The new roughs at Pinehurst No. 2 feature native plants such as Eastern prickly pear, pineweed and pigweed.
Pinehurst officials are quick to point out that the restoration of No. 2 – one of the oldest and most important public courses in the country – was done simply to take the course back to its original state. But they couldn’t be more pleased that by taking out the turf, removing much of the artificial irrigation and returning the rough to a more natural state, the course has reduced its water usage from 50 million gallons a year before the redesign to a little over nine million gallons last year.
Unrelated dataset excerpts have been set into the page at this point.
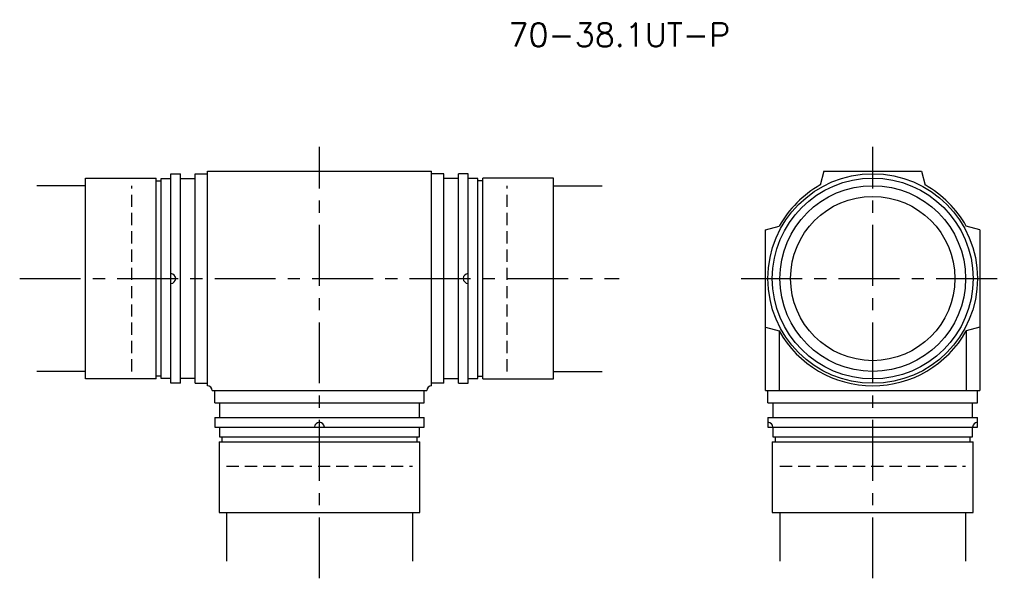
# Model space of a CAD drawing. Extents: x 603 to 805, y -124 to -9.
import ezdxf
from ezdxf.enums import TextEntityAlignment as Align

# ---------------------------------------------------------------- set-up
doc = ezdxf.new("R2010")
doc.units = 0
doc.header["$LTSCALE"] = 10
doc.linetypes.add('CENTER', pattern=[2, 1.25, -0.25, 0.25, -0.25])
doc.linetypes.add('HIDDEN', pattern=[0.375, 0.25, -0.125])
doc.layers.get('0').update_dxf_attribs({"linetype": 'CONTINUOUS'})
for name, color, linetype in [('HOJO', 4, 'CONTINUOUS'), ('L-CENTER', 1, 'CENTER'), ('L-HIDDEN', 3, 'HIDDEN')]:
    doc.layers.add(name, color=color, linetype=linetype)
doc.styles.add('BIGFONT', font='txt', dxfattribs={"bigfont": 'bigfont'})

msp = doc.modelspace()

# ---------------------------------------------------------------- linework, layer by layer
for p, q in [((641.56, -40.19), (687.56, -40.19)), ((641.56, -84.19), (641.56, -40.19)), ((687.56, -84.19), (687.56, -40.19)), ((768.06, -40.19), (767.3, -43)), ((768.06, -40.19), (788.06, -40.19)), ((788.06, -40.19), (788.81, -43)), ((616.56, -41.59), (631.06, -41.59)), ((616.56, -82.79), (616.56, -41.59)), ((631.06, -82.79), (631.06, -41.59)), ((631.06, -42.17), (632.06, -42.17)), ((632.06, -41.69), (634.06, -41.69)), ((632.06, -82.69), (632.06, -41.69)), ((634.06, -40.69), (636.06, -40.69)), ((634.06, -83.69), (634.06, -40.69)), ((636.06, -83.69), (636.06, -40.69)), ((636.06, -41.69), (639.06, -41.69)), ((639.06, -40.69), (641.56, -40.69)), ((639.06, -83.69), (639.06, -40.69)), ((690.06, -40.69), (687.56, -40.69)), ((690.06, -83.69), (690.06, -40.69)), ((693.06, -41.69), (690.06, -41.69)), ((695.06, -40.69), (693.06, -40.69)), ((693.06, -83.69), (693.06, -40.69)), ((695.06, -83.69), (695.06, -40.69)), ((697.06, -41.69), (695.06, -41.69)), ((697.06, -82.69), (697.06, -41.69)), ((698.06, -42.17), (697.06, -42.17)), ((712.56, -41.59), (698.06, -41.59)), ((698.06, -82.79), (698.06, -41.59)), ((712.56, -82.79), (712.56, -41.59)), ((756.06, -52.19), (758.86, -51.44)), ((756.06, -85.19), (756.06, -52.19)), ((800.06, -52.19), (797.25, -51.44)), ((800.06, -52.19), (800.06, -85.19)), ((756.06, -72.19), (758.86, -72.94)), ((800.06, -72.19), (797.25, -72.94)), ((758.86, -72.94), (758.86, -85.19)), ((797.25, -72.94), (797.25, -85.19)), ((631.06, -82.79), (616.56, -82.79)), ((632.06, -82.22), (631.06, -82.22)), ((634.06, -82.69), (632.06, -82.69)), ((639.06, -82.69), (636.06, -82.69)), ((690.06, -82.69), (693.06, -82.69)), ((695.06, -82.69), (697.06, -82.69)), ((697.06, -82.22), (698.06, -82.22)), ((698.06, -82.79), (712.56, -82.79)), ((636.06, -83.69), (634.06, -83.69)), ((639.06, -83.69), (641.56, -83.69)), ((641.56, -84.19), (641.56, -83.69)), ((687.56, -84.19), (687.56, -83.69)), ((687.56, -84.19), (687.56, -83.69)), ((690.06, -83.69), (687.56, -83.69)), ((693.06, -83.69), (695.06, -83.69)), ((642.56, -85.19), (686.56, -85.19)), ((643.06, -87.69), (643.06, -85.19)), ((686.06, -87.69), (686.06, -85.19)), ((756.06, -85.19), (800.06, -85.19)), ((756.56, -87.69), (756.56, -85.19)), ((799.56, -87.69), (799.56, -85.19)), ((643.06, -87.69), (686.06, -87.69)), ((644.06, -87.69), (644.06, -90.69)), ((685.06, -90.69), (685.06, -87.69)), ((756.56, -87.69), (799.56, -87.69)), ((757.56, -87.69), (757.56, -90.69)), ((798.56, -90.69), (798.56, -87.69)), ((643.06, -90.69), (686.06, -90.69)), ((643.06, -90.69), (643.06, -92.69)), ((686.06, -92.69), (686.06, -90.69)), ((756.56, -90.69), (799.56, -90.69)), ((756.56, -90.69), (756.56, -92.69)), ((799.56, -92.69), (799.56, -90.69)), ((643.06, -92.69), (686.06, -92.69)), ((644.06, -92.69), (644.06, -94.69)), ((685.06, -94.69), (685.06, -92.69)), ((756.56, -92.69), (799.56, -92.69)), ((757.56, -92.69), (757.56, -94.69)), ((798.56, -94.69), (798.56, -92.69)), ((644.06, -94.69), (685.06, -94.69)), ((644.53, -94.69), (644.53, -95.69)), ((684.58, -95.69), (684.58, -94.69)), ((757.56, -94.69), (798.56, -94.69)), ((758.03, -94.69), (758.03, -95.69)), ((798.08, -95.69), (798.08, -94.69)), ((643.96, -95.69), (685.16, -95.69)), ((643.96, -95.69), (643.96, -110.19)), ((685.16, -110.19), (685.16, -95.69)), ((757.46, -95.69), (798.66, -95.69)), ((757.46, -95.69), (757.46, -110.19)), ((798.66, -110.19), (798.66, -95.69)), ((643.96, -110.19), (685.16, -110.19)), ((757.46, -110.19), (798.66, -110.19))]:
    msp.add_line(p, q)
for radius in [21.5, 20.6, 19.05, 16.85]:
    msp.add_circle((778.06, -62.19), radius)
for centre, radius, start, end in [((778.06, -62.19), 22, 119.2569, 150.7431), ((778.06, -62.19), 22, 29.2569, 60.7431), ((634.06, -62.19), 1, 270, 90), ((695.06, -62.19), 1, 90, 270), ((778.06, -62.19), 22, 209.2569, 330.7431), ((641.56, -85.19), 1, 0, 90), ((687.56, -85.19), 1, 90, 180), ((664.56, -92.69), 1, 0, 180), ((756.56, -92.69), 1, 0, 90), ((799.56, -92.69), 1, 90, 180)]:
    msp.add_arc(centre, radius, start, end)
at = {"layer": 'HOJO'}
for p, q in [((616.56, -43.14), (606.56, -43.14)), ((712.56, -43.14), (722.56, -43.14)), ((616.56, -81.24), (606.56, -81.24)), ((712.56, -81.24), (722.56, -81.24)), ((645.51, -110.19), (645.51, -120.19)), ((683.61, -110.19), (683.61, -120.19)), ((759.01, -110.19), (759.01, -120.19)), ((797.11, -110.19), (797.11, -120.19))]:
    msp.add_line(p, q, dxfattribs=at)
at = {"layer": 'L-CENTER'}
for p, q in [((664.56, -123.69), (664.56, -35.19)), ((778.06, -123.69), (778.06, -35.19)), ((603.06, -62.19), (726.06, -62.19)), ((751.06, -62.19), (805.06, -62.19))]:
    msp.add_line(p, q, dxfattribs=at)
at = {"layer": 'L-HIDDEN'}
for p, q in [((626.06, -81.24), (626.06, -43.14)), ((703.06, -81.24), (703.06, -43.14)), ((645.51, -100.69), (683.61, -100.69)), ((759.01, -100.69), (797.11, -100.69))]:
    msp.add_line(p, q, dxfattribs=at)

# ---------------------------------------------------------------- texts
at = {"layer": 'HOJO', "style": 'BIGFONT'}
msp.add_text('70-38.1UT-P', height=4.8, dxfattribs=at).set_placement((726.06, -12.19), align=Align.MIDDLE)

doc.saveas('drawing.dxf')

“Pinehurst wasn’t doing it for the economics of it,” says Carley, who did her postdoctoral work under NC State professor of environmental plant biology Tom Rufty. “They were taking it back to the original look of the course for that historical perspective. But from an economic standpoint, it is a great example of what could be done by courses across the country.”
The Pinehurst story will be told many times over the next two weeks, as the men begin their 72-hole championship on Thursday and the women begin play next Thursday. It’s the first time in history that the USGA will hold its two premier championships on the same course in successive weeks.
So the golf course, with two major championships and six days of practice rounds, will be under scrutiny as the USGA will push course superintendent Kevin Robinson, a graduate of NC State’s turfgrass management program, to create fast and firm fairways and greens.
It’s a look that has been four years in the making, with research that could help change the way golf courses look for many years to come.
“This may look like golf in the past, in terms of the presentation of the course, but in so many ways, this is golf of the future,” Coore says. “In today’s world, with water issues, environmental impact issues, the costs associated… the majority of courses are going to have to go more in this direction.”